▶ Exercise prompt: Copy the entries below in full, keeping them exactly as they are.
↓↓↓
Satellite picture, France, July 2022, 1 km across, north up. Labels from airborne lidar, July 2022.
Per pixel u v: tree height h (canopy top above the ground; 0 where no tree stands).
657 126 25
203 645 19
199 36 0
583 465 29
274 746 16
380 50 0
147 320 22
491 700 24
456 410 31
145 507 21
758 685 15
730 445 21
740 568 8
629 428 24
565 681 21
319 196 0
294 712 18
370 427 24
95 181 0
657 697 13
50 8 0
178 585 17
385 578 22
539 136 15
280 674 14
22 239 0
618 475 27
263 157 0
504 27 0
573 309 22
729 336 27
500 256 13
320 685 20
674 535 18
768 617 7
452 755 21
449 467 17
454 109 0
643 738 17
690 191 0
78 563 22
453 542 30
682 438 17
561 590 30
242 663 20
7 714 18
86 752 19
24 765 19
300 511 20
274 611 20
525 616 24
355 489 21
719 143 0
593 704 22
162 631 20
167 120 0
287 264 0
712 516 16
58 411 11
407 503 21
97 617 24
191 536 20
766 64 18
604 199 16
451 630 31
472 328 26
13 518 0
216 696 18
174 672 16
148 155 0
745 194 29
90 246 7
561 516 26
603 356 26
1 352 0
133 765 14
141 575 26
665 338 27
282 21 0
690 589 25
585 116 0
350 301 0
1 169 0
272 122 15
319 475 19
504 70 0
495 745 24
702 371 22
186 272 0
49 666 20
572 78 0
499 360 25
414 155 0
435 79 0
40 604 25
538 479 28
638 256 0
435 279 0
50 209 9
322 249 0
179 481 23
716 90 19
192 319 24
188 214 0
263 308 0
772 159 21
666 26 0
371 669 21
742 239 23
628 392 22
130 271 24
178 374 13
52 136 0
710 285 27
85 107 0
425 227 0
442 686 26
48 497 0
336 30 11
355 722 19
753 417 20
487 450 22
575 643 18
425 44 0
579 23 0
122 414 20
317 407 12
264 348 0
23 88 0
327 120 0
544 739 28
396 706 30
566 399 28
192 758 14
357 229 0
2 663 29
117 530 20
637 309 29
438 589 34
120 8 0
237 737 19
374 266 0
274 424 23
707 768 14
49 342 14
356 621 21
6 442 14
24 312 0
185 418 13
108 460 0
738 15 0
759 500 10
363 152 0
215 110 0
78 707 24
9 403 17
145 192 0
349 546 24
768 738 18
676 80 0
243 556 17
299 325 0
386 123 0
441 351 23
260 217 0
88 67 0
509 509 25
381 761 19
↑↑↑
▶ Answer for this exercise:
Satellite picture, France, July 2022, 1 km across, north up. Labels from airborne lidar, July 2022.
Per pixel u v: tree height h (canopy top above the ground; 0 where no tree stands).
657 126 25
203 645 19
199 36 0
583 465 29
274 746 16
380 50 0
147 320 22
491 700 24
456 410 31
145 507 21
758 685 15
730 445 21
740 568 8
629 428 24
565 681 21
319 196 0
294 712 18
370 427 24
95 181 0
657 697 13
50 8 0
178 585 17
385 578 22
539 136 15
280 674 14
22 239 0
618 475 27
263 157 0
504 27 0
573 309 22
729 336 27
500 256 13
320 685 20
674 535 18
768 617 7
452 755 21
449 467 17
454 109 0
643 738 17
690 191 0
78 563 22
453 542 30
682 438 17
561 590 30
242 663 20
7 714 18
86 752 19
24 765 19
300 511 20
274 611 20
525 616 24
355 489 21
719 143 0
593 704 22
162 631 20
167 120 0
287 264 0
712 516 16
58 411 11
407 503 21
97 617 24
191 536 20
766 64 18
604 199 16
451 630 31
472 328 26
13 518 0
216 696 18
174 672 16
148 155 0
745 194 29
90 246 7
561 516 26
603 356 26
1 352 0
133 765 14
141 575 26
665 338 27
282 21 0
690 589 25
585 116 0
350 301 0
1 169 0
272 122 15
319 475 19
504 70 0
495 745 24
702 371 22
186 272 0
49 666 20
572 78 0
499 360 25
414 155 0
435 79 0
40 604 25
538 479 28
638 256 0
435 279 0
50 209 9
322 249 0
179 481 23
716 90 19
192 319 24
188 214 0
263 308 0
772 159 21
666 26 0
371 669 21
742 239 23
628 392 22
130 271 24
178 374 13
52 136 0
710 285 27
85 107 0
425 227 0
442 686 26
48 497 0
336 30 11
355 722 19
753 417 20
487 450 22
575 643 18
425 44 0
579 23 0
122 414 20
317 407 12
264 348 0
23 88 0
327 120 0
544 739 28
396 706 30
566 399 28
192 758 14
357 229 0
2 663 29
117 530 20
637 309 29
438 589 34
120 8 0
237 737 19
374 266 0
274 424 23
707 768 14
49 342 14
356 621 21
6 442 14
24 312 0
185 418 13
108 460 0
738 15 0
759 500 10
363 152 0
215 110 0
78 707 24
9 403 17
145 192 0
349 546 24
768 738 18
676 80 0
243 556 17
299 325 0
386 123 0
441 351 23
260 217 0
88 67 0
509 509 25
381 761 19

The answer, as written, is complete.